As we’ve grown, we’ve looked to diversify our geographic risk, which has been a good thing so that we’re not 100% concentrated in Connecticut. We’re as committed to Connecticut as ever, but in the end you have to look at what kind of return are you getting on the capital that you’re investing and therefore where should you invest, in what businesses, in what geographies. Those are the things we think about.

'Nothing would please me more than being able to make good solid recommendations that could change the course of Connecticut’s future,' Smith said.

At the same time, we recognize that we’re part of the infrastructure and we are to some degree a reflection of the well-being of our customers and our communities. We bank about one in nine families in Connecticut and about 30,000 small businesses here, so...we’ve long appreciated our responsibility to be a catalyst for positive change. We’ve been active in policy discussions while remembering to always be apolitical and bipartisan along the way.

Knowing that I would be retiring as the chief executive, even as I would be continuing as the chairman, this created more time for me to be able to get involved in the commission. Nothing would please me more than being able to make good solid recommendations that could change the course of Connecticut’s future.

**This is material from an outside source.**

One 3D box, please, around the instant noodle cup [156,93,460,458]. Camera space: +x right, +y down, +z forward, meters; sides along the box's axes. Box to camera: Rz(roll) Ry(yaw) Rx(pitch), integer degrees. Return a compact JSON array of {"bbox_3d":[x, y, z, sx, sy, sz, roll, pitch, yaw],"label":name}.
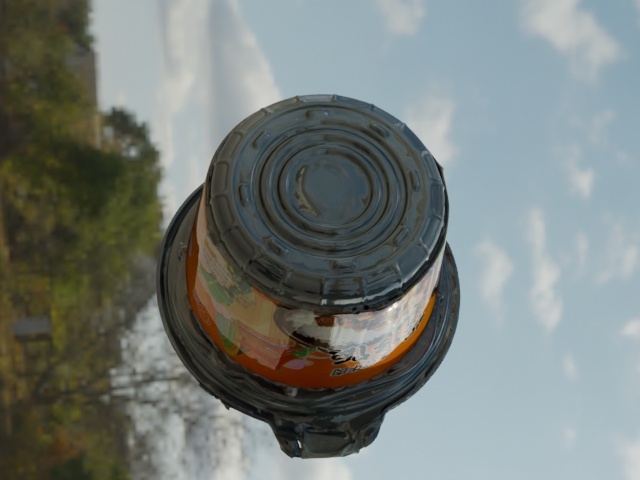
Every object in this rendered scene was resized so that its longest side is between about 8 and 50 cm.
[{"bbox_3d":[0.000,0.000,0.737,0.125,0.178,0.208,104,-36,-62],"label":"instant noodle cup"}]

Beyond the recommendations to the legislature, how do you think Connecticut’s banks can be a part of the solution?
One thing banks can do is to take a little more risk in making sure that they’re funding customers who may have ideas for starting up businesses. Maybe banks need to be willing to take a little more risk in order to stimulate investment that could lead to economic growth. I don’t say that critically. That’s just one way that banks can make a difference. Banks can step up their community investment activities under [the Community Reinvestment Act], for example. They could spend more time in developing affordable housing, which is an issue for Connecticut. They could further fund their foundations to be able to invest in their communities.

All of us have the opportunity to do these things and I know how committed Connecticut banks have been to investing in their communities.